Biomedical Engineering Program, University of Science and Technology of China, Hefei, People's Republic of China.
J Neural Eng. 2014 Feb;11(1):016011. doi: 10.1088/1741-2560/11/1/016011. Epub 2014 Jan 20.
This study explored the feasibility of detecting hidden muscle activity in surface electromyogram (EMG) baseline.
Power spectral density (PSD) analysis and multi-scale entropy (MSE) analysis were used. Both analyses were applied to computer simulations of surface EMG baseline with the presence (representing activity data) or absence (representing reference data) of hidden muscle activity, as well as surface electrode array EMG baseline recordings of healthy control and amyotrophic lateral sclerosis (ALS) subjects.
Although the simulated reference data and the activity data yielded no distinguishable difference in the time domain, they demonstrated a significant difference in the frequency and signal complexity domains with the PSD and MSE analyses. For a comparison using pooled data, such a difference was also observed when the PSD and MSE analyses were applied to surface electrode array EMG baseline recordings of healthy control and ALS subjects, which demonstrated no distinguishable difference in the time domain. Compared with the PSD analysis, the MSE analysis appeared to be more sensitive for detecting the difference in surface EMG baselines between the two groups.
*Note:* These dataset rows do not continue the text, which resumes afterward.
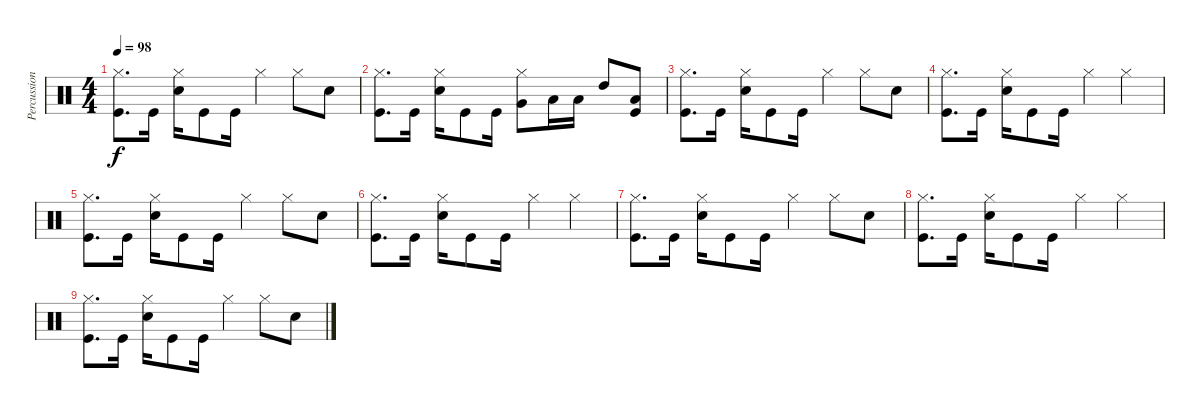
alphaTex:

\track ("Percussioni" "Percussion") {instrument percussion}
\staff {score}
\articulation defaults
\ts (4 4)
\tempo 98
\clef neutral
\ks c
("Kick (hit)" "Hi-Hat (closed)").8{d dy f} "Kick (hit)".16 ("Snare (hit) 2" "Hi-Hat (closed)").16 "Kick (hit)".8 "Kick (hit)".16 "Hi-Hat (closed)".4 "Hi-Hat (closed)".8 "Snare (hit) 2".8 |
("Kick (hit)" "Hi-Hat (closed)").8{d} "Kick (hit)".16 ("Snare (hit) 2" "Hi-Hat (closed)").16 "Kick (hit)".8 "Kick (hit)".16 ("Hi-Hat (closed)" "Very Low Tom (hit)").8 "Low Tom (hit)".16 "Low Tom (hit)".16 "High Tom (hit)".8 ("Low Tom (hit)" "Kick (hit)").8 |
("Kick (hit)" "Hi-Hat (closed)").8{d} "Kick (hit)".16 ("Snare (hit) 2" "Hi-Hat (closed)").16 "Kick (hit)".8 "Kick (hit)".16 "Hi-Hat (closed)".4 "Hi-Hat (closed)".8 "Snare (hit) 2".8 |
("Kick (hit)" "Hi-Hat (closed)").8{d} "Kick (hit)".16 ("Snare (hit) 2" "Hi-Hat (closed)").16 "Kick (hit)".8 "Kick (hit)".16 "Hi-Hat (closed)".4 "Hi-Hat (closed)".4 |
("Kick (hit)" "Hi-Hat (closed)").8{d} "Kick (hit)".16 ("Snare (hit) 2" "Hi-Hat (closed)").16 "Kick (hit)".8 "Kick (hit)".16 "Hi-Hat (closed)".4 "Hi-Hat (closed)".8 "Snare (hit) 2".8 |
("Kick (hit)" "Hi-Hat (closed)").8{d} "Kick (hit)".16 ("Snare (hit) 2" "Hi-Hat (closed)").16 "Kick (hit)".8 "Kick (hit)".16 "Hi-Hat (closed)".4 "Hi-Hat (closed)".4 |
("Kick (hit)" "Hi-Hat (closed)").8{d} "Kick (hit)".16 ("Snare (hit) 2" "Hi-Hat (closed)").16 "Kick (hit)".8 "Kick (hit)".16 "Hi-Hat (closed)".4 "Hi-Hat (closed)".8 "Snare (hit) 2".8 |
("Kick (hit)" "Hi-Hat (closed)").8{d} "Kick (hit)".16 ("Snare (hit) 2" "Hi-Hat (closed)").16 "Kick (hit)".8 "Kick (hit)".16 "Hi-Hat (closed)".4 "Hi-Hat (closed)".4 |
("Kick (hit)" "Hi-Hat (closed)").8{d} "Kick (hit)".16 ("Snare (hit) 2" "Hi-Hat (closed)").16 "Kick (hit)".8 "Kick (hit)".16 "Hi-Hat (closed)".4 "Hi-Hat (closed)".8 "Snare (hit) 2".8
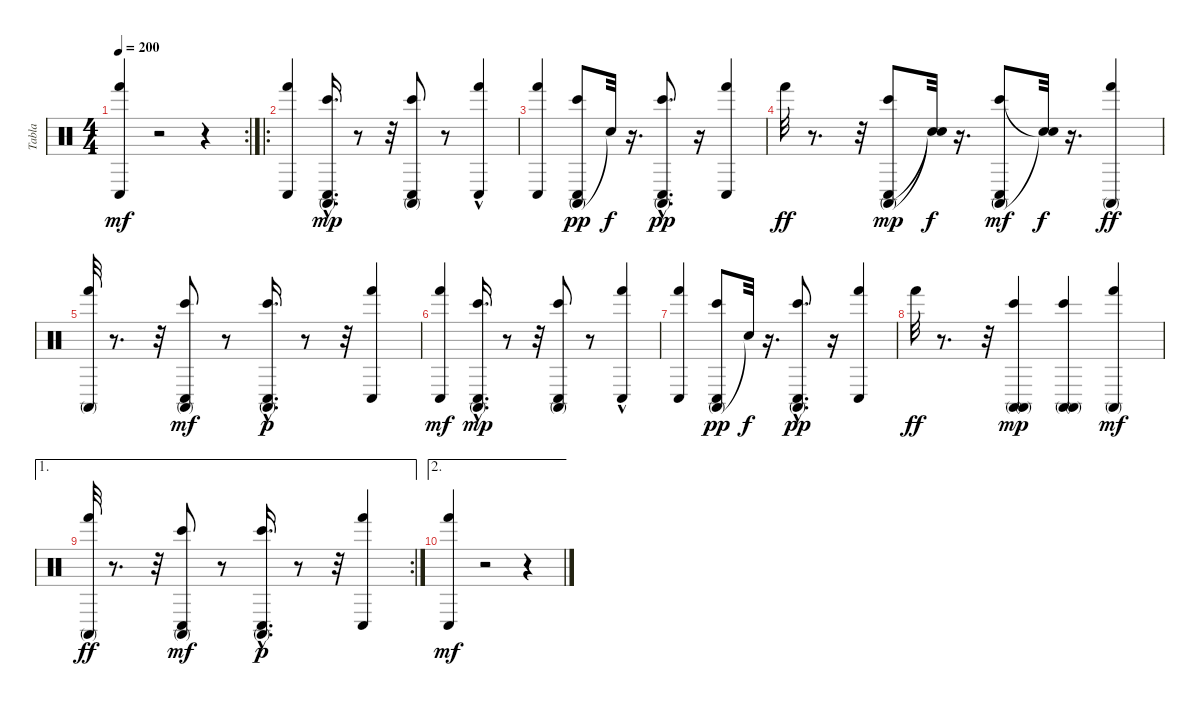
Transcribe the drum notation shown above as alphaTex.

\track ("Tabla" "Tabla") {instrument percussion}
\staff {score}
\articulation defaults
\rc 2
\ts (4 4)
\tempo 200
\clef neutral
\ks c
("Hand (hit)" "Conga low (hit)").4{dy mf} r.2 r.4 |
\ro
("Hand (hit)" "Conga low (hit)").4 ("Conga low (hit)"{hac} "Conga high (mute)" "Bongo High (hit)").16{d dy mp} r.8 r.32 ("Conga low (hit)" "Conga high (mute)" "Bongo High (hit)").8 r.8 ("Conga low (hit)"{hac} "Hand (hit)").4 |
("Hand (hit)" "Conga low (hit)").4 ("Conga high (mute)" "Bongo High (hit)" "Conga low (hit)").8{dy pp} "Snare (hit)"{t}.32{dy f} r.16{d} ("Conga high (mute)" "Bongo High (hit)" "Conga low (hit)"{hac}).8{d dy pp} r.16 ("Hand (hit)" "Conga low (hit)").4 |
"Hand (hit)".32{dy ff} r.8{d} r.32 ("Conga low (hit)" "Conga high (mute)" "Bongo High (hit)").8{dy mp} ("Snare (hit)"{t} "Snare (hit)"{t}).32{dy f} r.16{d} ("Conga high (mute)" "Bongo High (hit)" "Conga low (hit)").8{dy mf} ("Snare (hit)"{t} "Snare (hit)"{t}).32{dy f} r.16{d} ("Conga high (mute)" "Hand (hit)").4{dy ff} |
("Hand (hit)" "Conga high (mute)").32 r.8{d} r.32 ("Conga low (hit)" "Conga high (mute)" "Bongo High (hit)").8{dy mf} r.8 ("Conga high (mute)" "Bongo High (hit)" "Conga low (hit)"{hac}).16{d dy p} r.8 r.32 ("Conga low (hit)" "Hand (hit)").4 |
("Hand (hit)" "Conga low (hit)").4{dy mf} ("Conga low (hit)"{hac} "Conga high (mute)" "Bongo High (hit)").16{d dy mp} r.8 r.32 ("Conga low (hit)" "Conga high (mute)" "Bongo High (hit)").8 r.8 ("Conga low (hit)"{hac} "Hand (hit)").4 |
("Hand (hit)" "Conga low (hit)").4 ("Conga high (mute)" "Bongo High (hit)" "Conga low (hit)").8{dy pp} "Snare (hit)"{t}.32{dy f} r.16{d} ("Conga high (mute)" "Bongo High (hit)" "Conga low (hit)"{hac}).8{d dy pp} r.16 ("Hand (hit)" "Conga low (hit)").4 |
"Hand (hit)".32{dy ff} r.8{d} r.32 ("Conga high (mute)" "Bongo High (hit)" "Conga high (mute)").4{dy mp} ("Conga high (mute)" "Conga high (mute)" "Bongo High (hit)").4 ("Hand (hit)" "Conga high (mute)").4{dy mf} |
\ae 1
\rc 2
("Hand (hit)" "Conga high (mute)").32{dy ff} r.8{d} r.32 ("Conga low (hit)" "Conga high (mute)" "Bongo High (hit)").8{dy mf} r.8 ("Conga high (mute)" "Bongo High (hit)" "Conga low (hit)"{hac}).16{d dy p} r.8 r.32 ("Conga low (hit)" "Hand (hit)").4 |
\ae 2
("Hand (hit)" "Conga low (hit)").4{dy mf} r.2 r.4

The findings implied the presence of a hidden muscle activity in surface EMG baseline recordings from the ALS subjects. To promote the presented analysis as a useful diagnostic or investigatory tool, future studies are necessary to assess the pathophysiological nature or origins of the hidden muscle activity, as well as the baseline difference at the individual subject level.
本研究探索了在表面肌电图(EMG)基线中检测隐藏肌肉活动的可行性。
采用功率谱密度(PSD)分析和多尺度熵(MSE)分析。这两种分析方法均应用于表面 EMG 基线的计算机模拟,其中包括存在(代表活动数据)或不存在(代表参考数据)隐藏肌肉活动的情况,以及健康对照和肌萎缩侧索硬化(ALS)患者的表面电极阵列 EMG 基线记录。
尽管模拟参考数据和活动数据在时域上没有可区分的差异,但在频域和信号复杂度方面,PSD 和 MSE 分析显示出显著差异。对于使用汇总数据的比较,当 PSD 和 MSE 分析应用于健康对照和 ALS 患者的表面电极阵列 EMG 基线记录时,也观察到了这种差异,而在时域上没有可区分的差异。与 PSD 分析相比,MSE 分析似乎更能敏感地检测出两组表面 EMG 基线之间的差异。
这些发现表明 ALS 患者的表面 EMG 基线记录中存在隐藏的肌肉活动。为了促进该分析作为一种有用的诊断或研究工具,未来的研究需要评估隐藏肌肉活动的病理生理性质或来源,以及个体患者水平的基线差异。